Does MOCO collapses under simpler augmentation?

facebookresearch / moco

PyTorch implementation of MoCo: https://arxiv.org/abs/1911.05722

MIT License

4.83k stars 794 forks source link

Does MOCO collapses under simpler augmentation? #79

Open a411919924 opened 3 years ago

a411919924 commented 3 years ago

Recently I have been applying your implementation to simpler datasets like CIFAR10. A strong augmentation will hurt the moco's convergence on a smaller dataset, so I simplified the augmentation when training MOCO on CIFAR10: transforms.RandomCrop(32, padding=4), transforms.RandomHorizontalFlip(), transforms.ToTensor(), normalize.

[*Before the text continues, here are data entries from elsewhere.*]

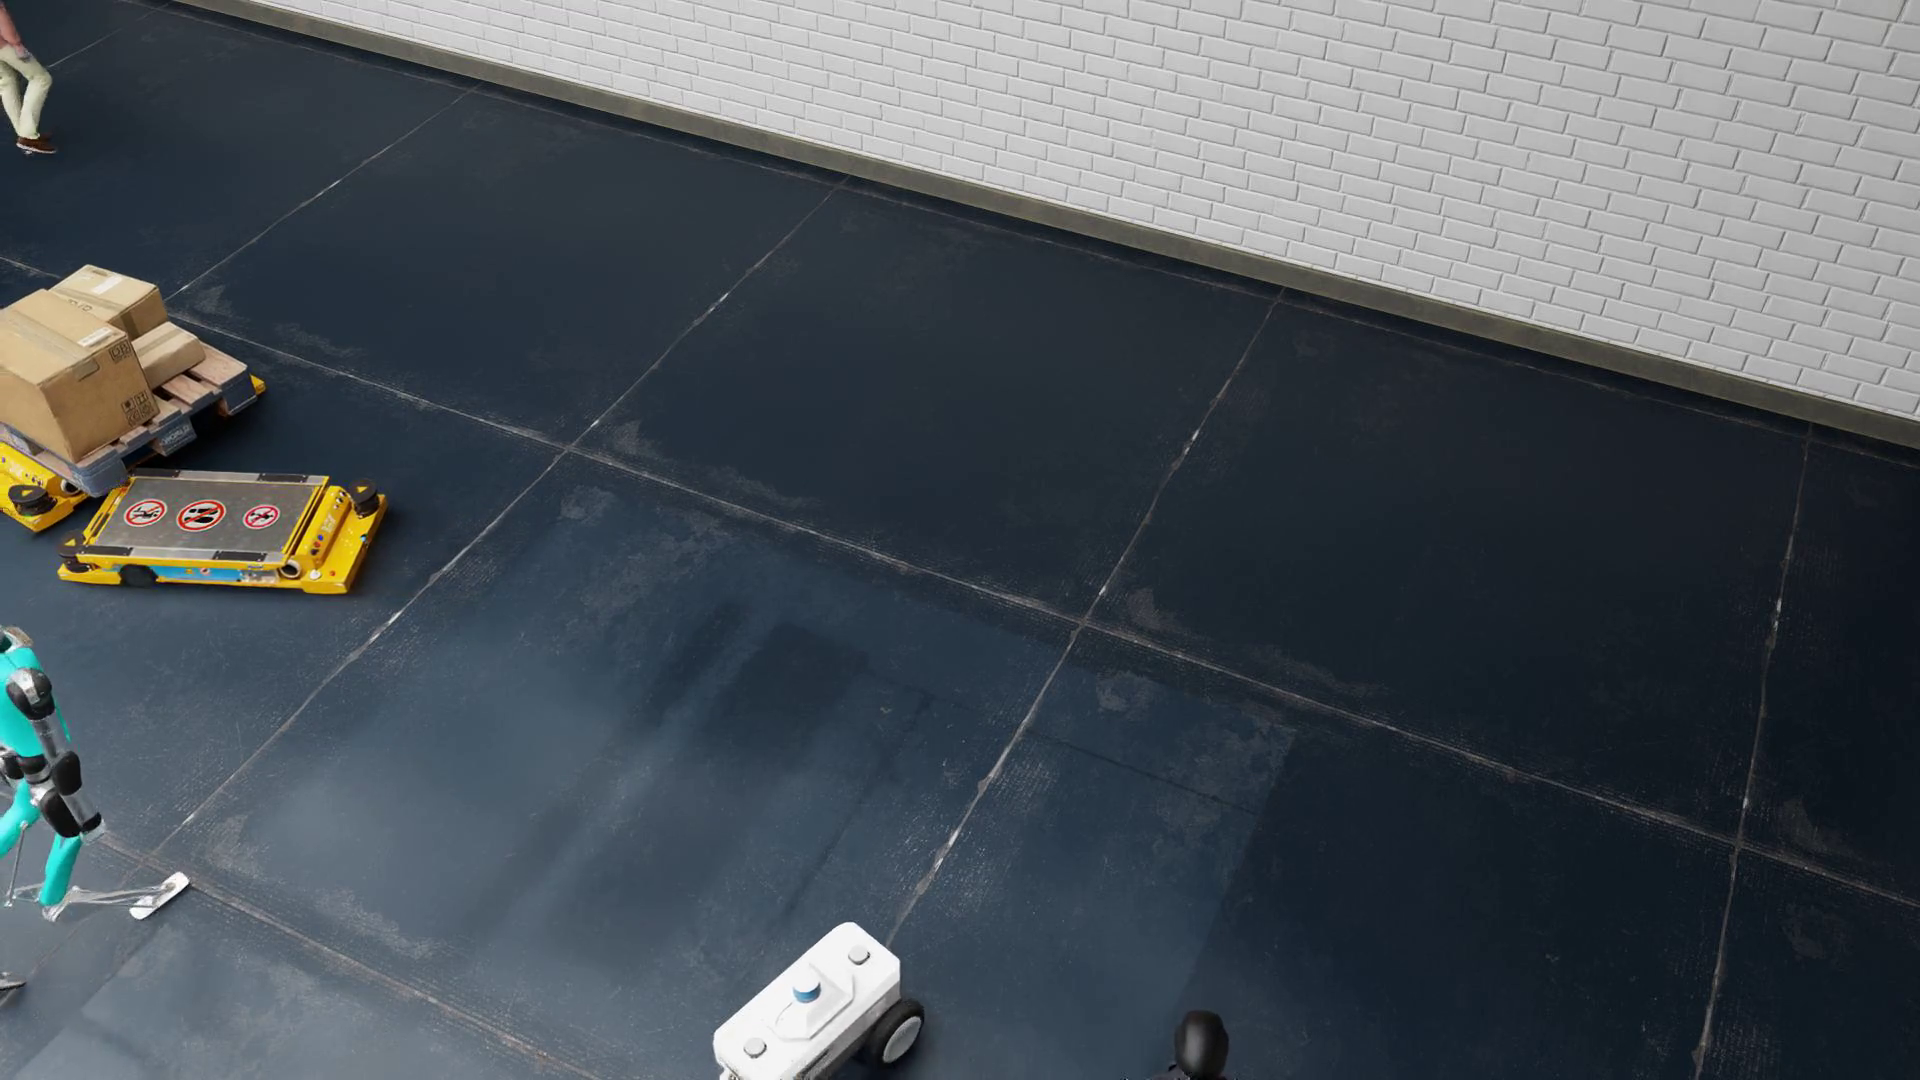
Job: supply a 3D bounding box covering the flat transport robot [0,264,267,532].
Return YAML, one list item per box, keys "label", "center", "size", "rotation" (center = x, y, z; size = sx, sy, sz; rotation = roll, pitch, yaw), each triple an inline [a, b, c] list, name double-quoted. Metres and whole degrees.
- label: "flat transport robot"
  center: [-4.532, -0.616, 8.920]
  size: [0.659, 0.231, 1.431]
  rotation: [25, 48, 25]

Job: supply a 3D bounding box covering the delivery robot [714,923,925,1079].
- label: "delivery robot"
  center: [-0.532, 1.775, 6.140]
  size: [0.499, 0.608, 0.797]
  rotation: [32, 52, 30]

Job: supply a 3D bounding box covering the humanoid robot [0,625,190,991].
- label: "humanoid robot"
  center: [-3.547, 1.060, 6.058]
  size: [0.534, 1.774, 1.006]
  rotation: [29, 50, 28]

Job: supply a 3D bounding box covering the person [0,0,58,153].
- label: "person"
  center: [-6.216, -3.236, 10.746]
  size: [0.541, 1.623, 0.323]
  rotation: [25, 48, 24]

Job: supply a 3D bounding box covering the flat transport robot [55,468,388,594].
- label: "flat transport robot"
  center: [-3.672, -0.046, 8.304]
  size: [1.431, 0.231, 0.659]
  rotation: [2, 43, 3]

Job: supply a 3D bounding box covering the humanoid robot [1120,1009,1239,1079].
- label: "humanoid robot"
  center: [0.675, 2.026, 5.050]
  size: [0.595, 1.645, 0.437]
  rotation: [2, 43, 2]

Under this simpler setting, the training top1 and top5 goes up to nearly 100% at about 20th epoch. The other hyperparameters are almost unchanged, except: batch size=512, lr=0.015, arch=resnet-18, tau=0.1, k=4096.

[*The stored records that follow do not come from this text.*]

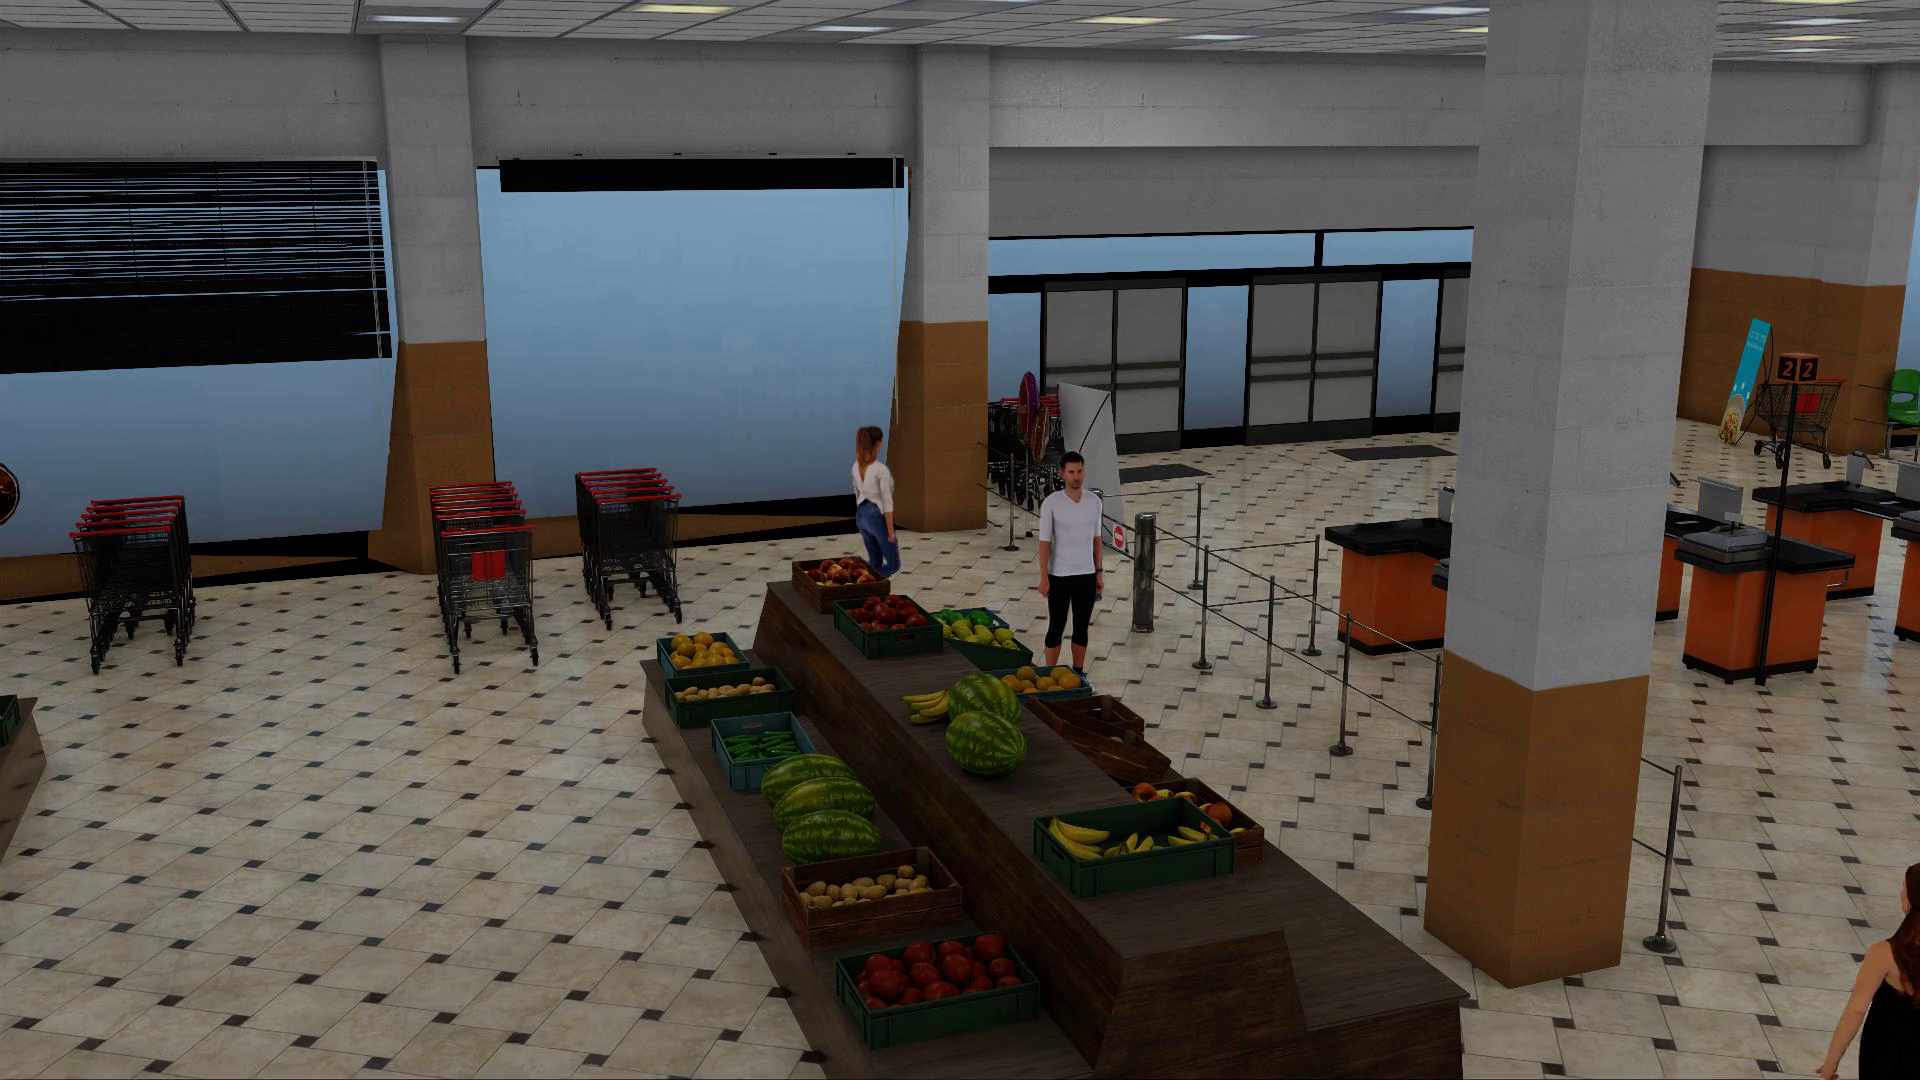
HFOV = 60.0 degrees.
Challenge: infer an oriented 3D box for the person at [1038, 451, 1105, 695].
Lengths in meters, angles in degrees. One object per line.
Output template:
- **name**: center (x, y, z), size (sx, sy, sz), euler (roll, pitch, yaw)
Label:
- **person**: center (0.834, 0.244, 12.463), size (0.666, 1.851, 0.527), euler (-5, 14, -19)

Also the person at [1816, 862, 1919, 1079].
- **person**: center (3.412, 1.966, 5.944), size (0.696, 1.577, 1.090), euler (-3, 14, -12)

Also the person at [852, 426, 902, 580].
- **person**: center (-0.777, -0.109, 14.207), size (0.853, 1.715, 0.852), euler (-12, 18, -40)

Is this a phenomenon of collapsing?

Thanks.

triangleCZH commented 3 years ago

Hi, I just curious if it is normal to have collapse in these approaches, because I thought contrastive learning would avoid collapse naturally with negative samples?

a411919924 commented 3 years ago

I think that these approaches are less likely to suffer from collapse comparing to other models like GANs. The InfoNCE loss can be seen to maximize the latent representation difference between an input vs (its another view and views of other inputs). Hence, the latent representations are designed to be scattered in a high-dimensional latent space.

Horizon2333 commented 3 years ago

I think that these approaches are less likely to suffer from collapse comparing to other models like GANs. The InfoNCE loss can be seen to maximize the latent representation difference between an input vs (its another view and views of other inputs). Hence, the latent representations are designed to be scattered in a high-dimensional latent space.

I think you are right. When data augmentation is simple, it cannot provide enough information for different views of each instance. So the trained models can put every instance far away from each other in latent space by over-fitting them thus get very high classification accuracy.

Euphoria16 commented 3 years ago

Did you test the downstream classification accuracy?